‘Shall you desire to call your husband a fool?’
‘My husband!’
‘He will, I suppose, be at least as dear to
you as a brother?’
‘I never had a brother.’
‘Your sister, then! It is the same, I suppose?’
’If I were to have a husband, I hope he would
be the dearest to me of all. Unless he were so,
he certainly would not be my husband. But between
a man and his wife there does not spring up that playful,
violent intimacy admitting of all liberties, which
comes from early nursery associations; and, then,
there is the difference of sex.’
‘I should not like my wife to call me a fool,’
he said.
’I hope she may never have occasion to do so,
Mr Glascock. Marry an English wife in your own
class as, of course, you will and then you will be
safe.’
‘But I have set my heart fast on marrying an
American wife,’ he said.
’Then I can’t tell what may befall you.
It’s like enough, if you do that, that you may
be called by some name you will think hard to bear.

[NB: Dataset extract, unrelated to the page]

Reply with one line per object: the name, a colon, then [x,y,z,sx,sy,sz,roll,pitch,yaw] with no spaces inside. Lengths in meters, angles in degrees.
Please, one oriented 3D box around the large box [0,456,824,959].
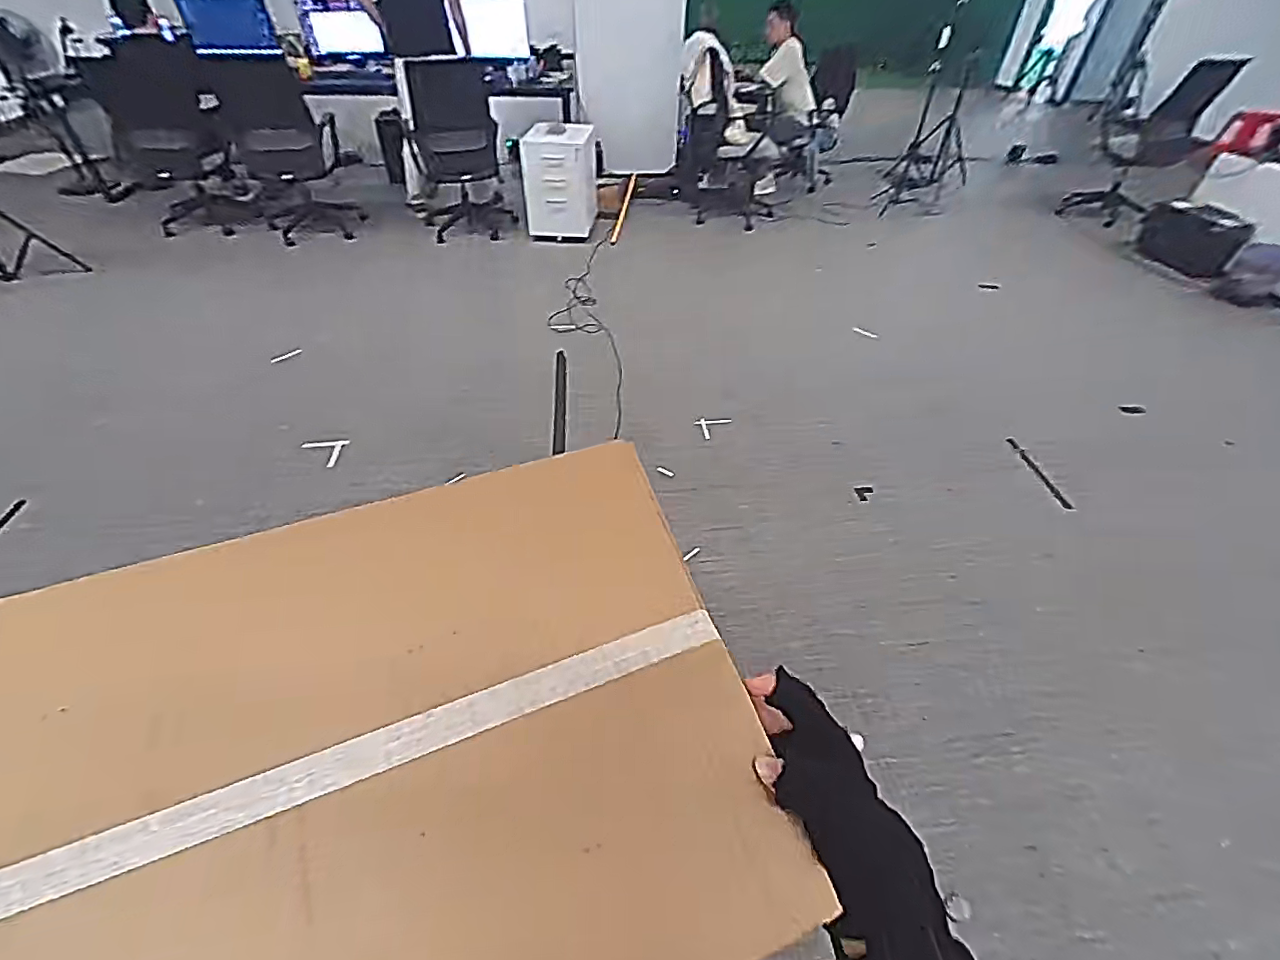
large box: [-0.148,0.232,0.428,0.408,0.320,0.320,-16,60,-15]

But you’ll think better of it. Like should
pair with like, Mr Glascock. If you were to marry
one of our young women, you would lose in dignity
as much as she would lose in comfort.’ Then
they parted, and she went off to say farewell to other
guests. The manner in which she had answered
what he had said to her had certainly been of a nature
to stop any further speech of the same kind.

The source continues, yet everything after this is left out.